NAME
Muldis::D::Core::Rational - Muldis D rational numeric operators
VERSION
This document is Muldis::D::Core::Rational version 0.103.0.
PREFACE
This document is part of the Muldis D language specification, whose root document is Muldis::D; you should read that root document before you read this one, which provides subservient details. Moreover, you should read the Muldis::D::Core document before this current document, as that forms its own tree beneath a root document branch.
DESCRIPTION
This document describes essentially all of the core Muldis D operators that are specific to the core data type Rat
, essentially all the generic ones that a typical programming language should have.
This documentation is pending.
TYPE SUMMARY
Following are all the data types described in this document, arranged in a type graph according to their proper sub|supertype relationships:
sys.std.Core.Type.Universal
sys.std.Core.Type.Empty
sys.std.Core.Type.Scalar
sys.std.Core.Type.DHScalar
sys.std.Core.Type.Cat.OVLScalar
# The following are all regular ordered scalar types.
sys.std.Core.Type.Rat
sys.std.Core.Type.Rational.BRat
sys.std.Core.Type.Rational.DRat
This documentation is pending.
DATA TYPES THAT SUBTYPE RATIONALS
sys.std.Core.Type.Rational.BRat
This is an enumeration data type. BRat
(binary rational) is a proper subtype of Rat
where the radix
is 2; it is the best option to exactly represent rational numbers that are conceptually binary or octal or hexadecimal, such as most IEEE-754 floating point numbers.
sys.std.Core.Type.Rational.DRat
This is an enumeration data type. DRat
(decimal rational) is a proper subtype of Rat
where the radix
is 10 (or if it could be without the float
possrep normalization constraint); it is the best option to exactly represent rational numbers that are conceptually the decimal numbers that humans typically work with.

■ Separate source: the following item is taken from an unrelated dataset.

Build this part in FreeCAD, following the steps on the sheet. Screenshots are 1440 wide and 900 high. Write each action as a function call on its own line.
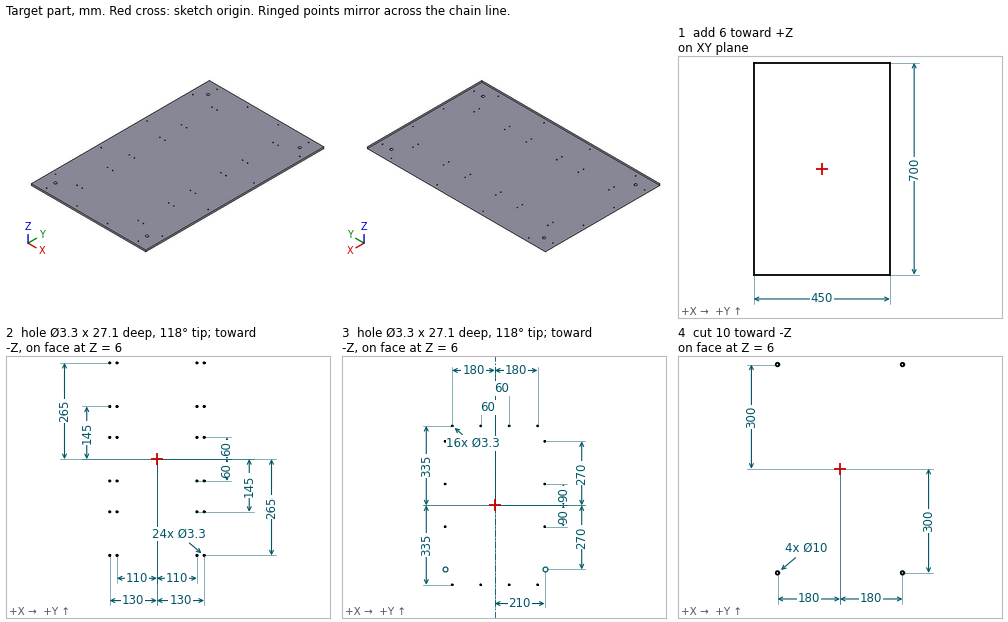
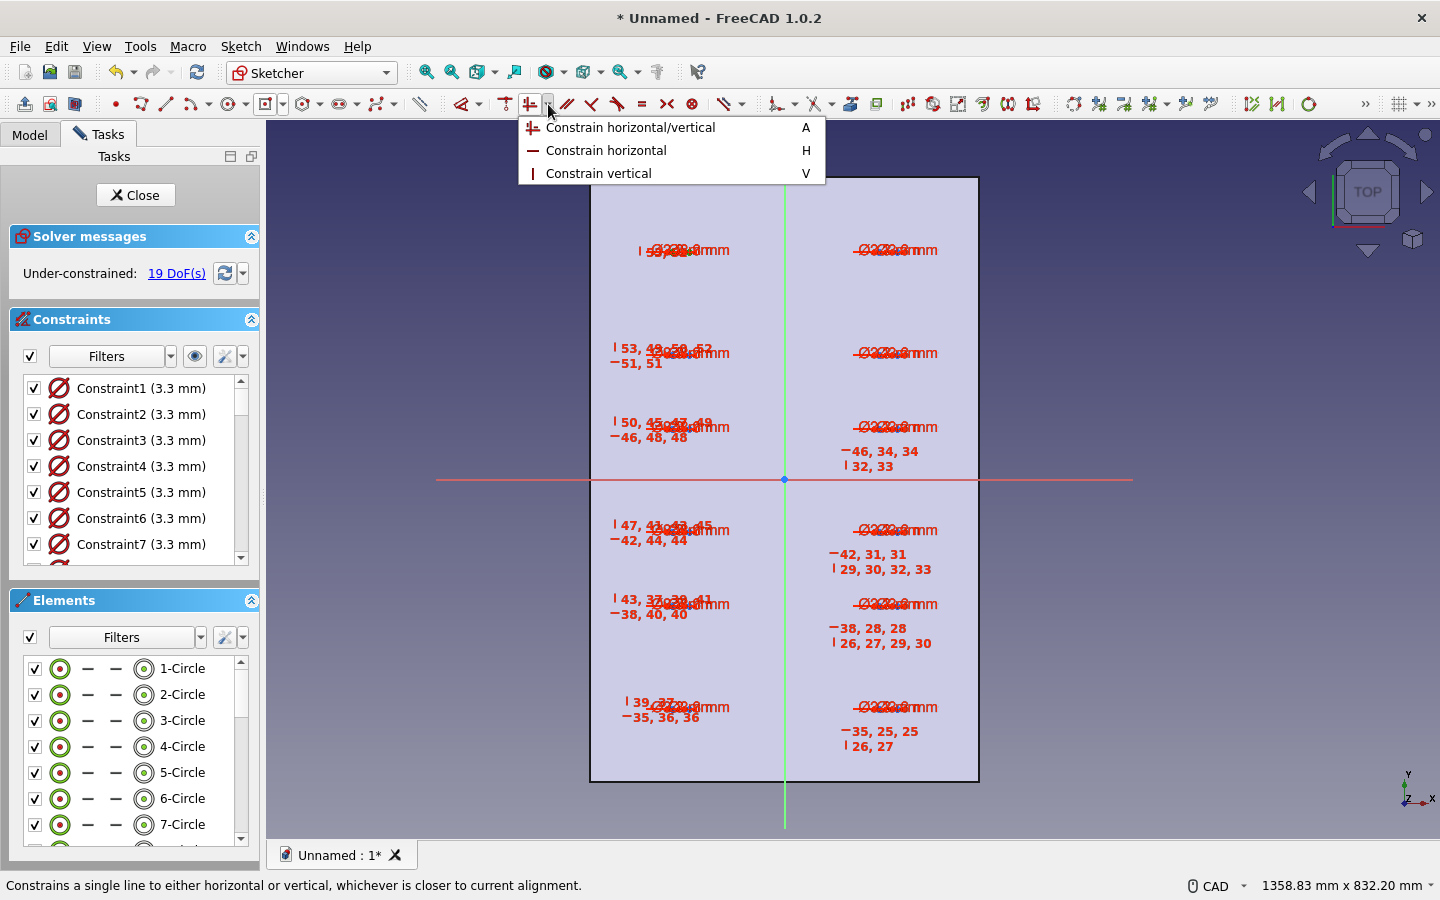
click(672, 150)

FUNCTIONS FOR RATIONAL MATH
These functions implement commonly used rational numeric operations.
sys.std.Core.Rational.abs
function sys.std.Core.Rational.abs (NNRat <-- $topic : Rat)
This function results in the absolute value of its argument. Note that this operation is also known as N||
.
sys.std.Core.Rational.sum
function sys.std.Core.Rational.sum (Rat <-- $topic? : bag_of.Rat)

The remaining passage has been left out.